Il posizionamento dei fori determina, in larga misura, la dimensione e giacitura dei detriti ed è
pertanto opera di specialisti sopratutto quando, subito dopo la volata e prima dello smarino, è
necessario procedere alla posa di un primo strato di rivestimento della volta.
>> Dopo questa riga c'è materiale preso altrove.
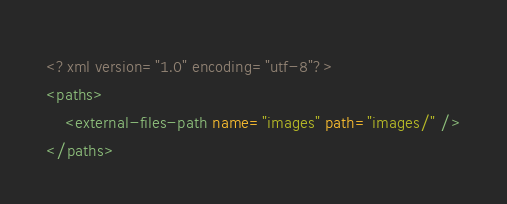<code> <loc_0><loc_0><loc_500><loc_500><_XML_><?xml version="1.0" encoding="utf-8"?>
<paths>
    <external-files-path name="images" path="images/" />
</paths></code>

La tecnica di far convergere i fori verso il centro, o svedese (Fig. 4.36-sx), limita la profondità dello
sfondo ed è usata raramente. Preferita quella canadese, a fori paralleli, sia per i migliori risultati
(tanto migliori quanto più accurato è il parallelismo) che per l’impiego generalizzato dei Jumbos
che, operativamente, impongono tale di tipo di tecnica. In Fig. 4.36-dx è rappresentata una tipica
volata con 41 fori per una galleria di m 4.2x4.2 inclusa una doppia combinazione di fori convergenti
per le mine di rinora.
Perforazioni di questo tipo richiedono un Jumbo a 4÷5 perforatori con uno sfondo di 2.5-3.0 m per
volata. Onde limitare i danni alla roccia fuori del taglio previsto e perché quest'ultimo risulti più
preciso si ricorre a due procedure poco diverse l'una dall'altra: il prédécoupage dei francesi e lo
smooth-blasting statunitense.
Nel primo caso dopo le mine di rinora, per levare il tappo centrale e prima del tiro principale, si
fanno esplodere simultaneamente i fori cosiddetti di réglage in volta ed ai piedritti in modo tale che
la roccia si fessuri solo tra foro e foro. Ciò richiede fori perfettamente paralleli, vicini, di grosso
diametro e poco caricati.
Con lo smooth-blasting, oggi il più usato, la detonazione dei fori di regolazione (sempre molto
ravvicinati (Tab. 4.16) segue quella del tiro principale.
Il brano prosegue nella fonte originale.